The task
Lines with the word "naudojamas" are the answer; copy each of them from the data below.

Provided entries
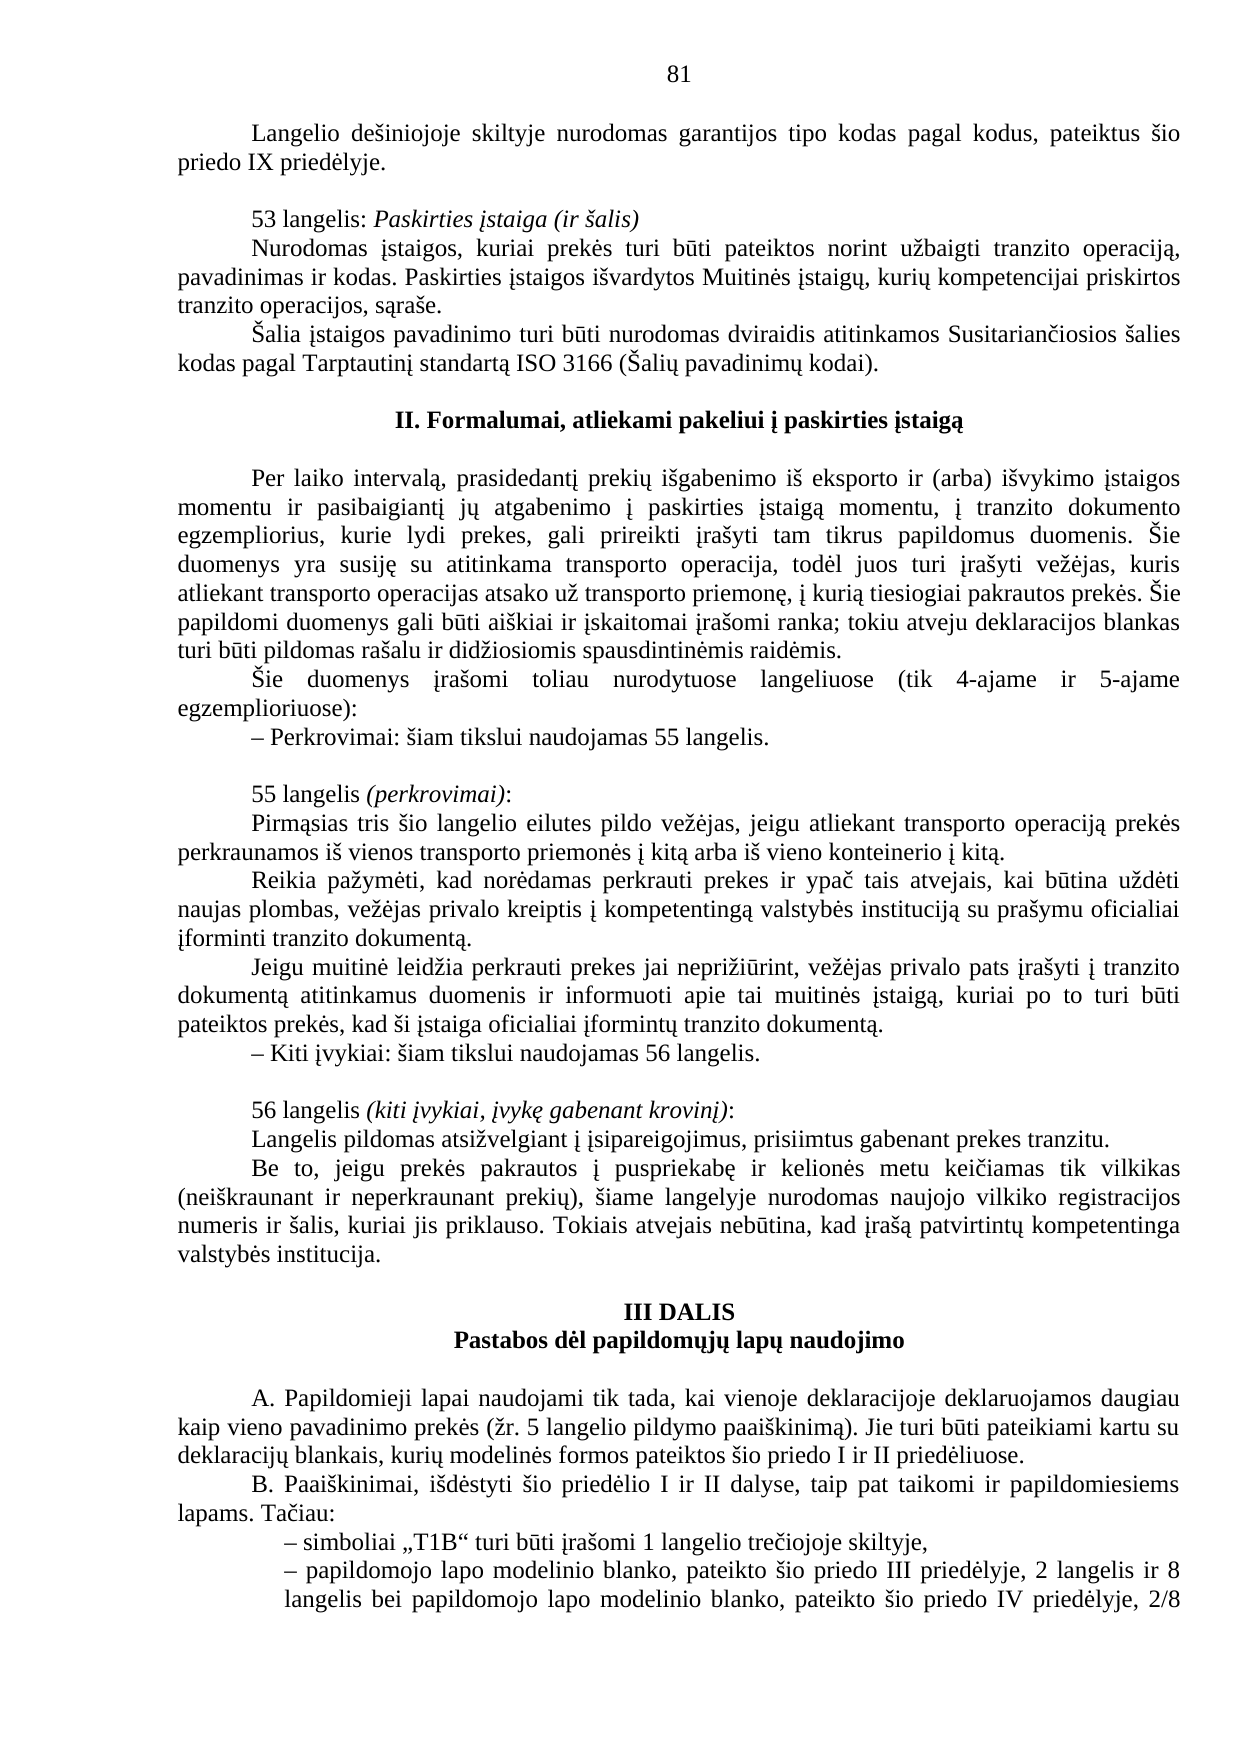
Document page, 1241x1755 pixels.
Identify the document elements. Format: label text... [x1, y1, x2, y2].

text Šalia įstaigos pavadinimo turi būti nurodomas dviraidis atitinkamos Susitariančiosios šalies kodas pagal Tarptautinį standartą ISO 3166 (Šalių pavadinimų kodai). [177, 319, 1181, 377]
text 53 langelis: Paskirties įstaiga (ir šalis) [177, 204, 1181, 233]
text II. Formalumai, atliekami pakeliui į paskirties įstaigą [177, 406, 1181, 434]
text Nurodomas įstaigos, kuriai prekės turi būti pateiktos norint užbaigti tranzito operaciją, pavadinimas ir kodas. Paskirties įstaigos išvardytos Muitinės įstaigų, kurių kompetencijai priskirtos tranzito operacijos, sąraše. [177, 233, 1181, 319]
text Pastabos dėl papildomųjų lapų naudojimo [177, 1326, 1181, 1354]
text – Perkrovimai: šiam tikslui naudojamas 55 langelis. [177, 722, 1181, 751]
text – Kiti įvykiai: šiam tikslui naudojamas 56 langelis. [177, 1038, 1181, 1067]
text III DALIS [177, 1297, 1181, 1326]
text A. Papildomieji lapai naudojami tik tada, kai vienoje deklaracijoje deklaruojamos daugiau kaip vieno pavadinimo prekės (žr. 5 langelio pildymo paaiškinimą). Jie turi būti pateikiami kartu su deklaracijų blankais, kurių modelinės formos pateiktos šio priedo I ir II priedėliuose. [177, 1383, 1181, 1469]
text Langelio dešiniojoje skiltyje nurodomas garantijos tipo kodas pagal kodus, pateiktus šio priedo IX priedėlyje. [177, 118, 1181, 176]
text B. Paaiškinimai, išdėstyti šio priedėlio I ir II dalyse, taip pat taikomi ir papildomiesiems lapams. Tačiau: [177, 1469, 1181, 1527]
text Be to, jeigu prekės pakrautos į puspriekabę ir kelionės metu keičiamas tik vilkikas (neiškraunant ir neperkraunant prekių), šiame langelyje nurodomas naujojo vilkiko registracijos numeris ir šalis, kuriai jis priklauso. Tokiais atvejais nebūtina, kad įrašą patvirtintų kompetentinga valstybės institucija. [177, 1153, 1181, 1268]
text Per laiko intervalą, prasidedantį prekių išgabenimo iš eksporto ir (arba) išvykimo įstaigos momentu ir pasibaigiantį jų atgabenimo į paskirties įstaigą momentu, į tranzito dokumento egzempliorius, kurie lydi prekes, gali prireikti įrašyti tam tikrus papildomus duomenis. Šie duomenys yra susiję su atitinkama transporto operacija, todėl juos turi įrašyti vežėjas, kuris atliekant transporto operacijas atsako už transporto priemonę, į kurią tiesiogiai pakrautos prekės. Šie papildomi duomenys gali būti aiškiai ir įskaitomai įrašomi ranka; tokiu atveju deklaracijos blankas turi būti pildomas rašalu ir didžiosiomis spausdintinėmis raidėmis. [177, 463, 1181, 664]
text – papildomojo lapo modelinio blanko, pateikto šio priedo III priedėlyje, 2 langelis ir 8 langelis bei papildomojo lapo modelinio blanko, pateikto šio priedo IV priedėlyje, 2/8 [284, 1556, 1181, 1613]
text Jeigu muitinė leidžia perkrauti prekes jai neprižiūrint, vežėjas privalo pats įrašyti į tranzito dokumentą atitinkamus duomenis ir informuoti apie tai muitinės įstaigą, kuriai po to turi būti pateiktos prekės, kad ši įstaiga oficialiai įformintų tranzito dokumentą. [177, 952, 1181, 1038]
text – simboliai „T1B“ turi būti įrašomi 1 langelio trečiojoje skiltyje, [284, 1527, 1181, 1556]
text Langelis pildomas atsižvelgiant į įsipareigojimus, prisiimtus gabenant prekes tranzitu. [177, 1124, 1181, 1153]
text Reikia pažymėti, kad norėdamas perkrauti prekes ir ypač tais atvejais, kai būtina uždėti naujas plombas, vežėjas privalo kreiptis į kompetentingą valstybės instituciją su prašymu oficialiai įforminti tranzito dokumentą. [177, 866, 1181, 952]
text 55 langelis (perkrovimai): [177, 779, 1181, 808]
text Pirmąsias tris šio langelio eilutes pildo vežėjas, jeigu atliekant transporto operaciją prekės perkraunamos iš vienos transporto priemonės į kitą arba iš vieno konteinerio į kitą. [177, 808, 1181, 866]
text 56 langelis (kiti įvykiai, įvykę gabenant krovinį): [177, 1096, 1181, 1124]
text Šie duomenys įrašomi toliau nurodytuose langeliuose (tik 4-ajame ir 5-ajame egzemplioriuose): [177, 664, 1181, 722]

Task answer
text – Perkrovimai: šiam tikslui naudojamas 55 langelis. [177, 722, 1181, 751]
text – Kiti įvykiai: šiam tikslui naudojamas 56 langelis. [177, 1038, 1181, 1067]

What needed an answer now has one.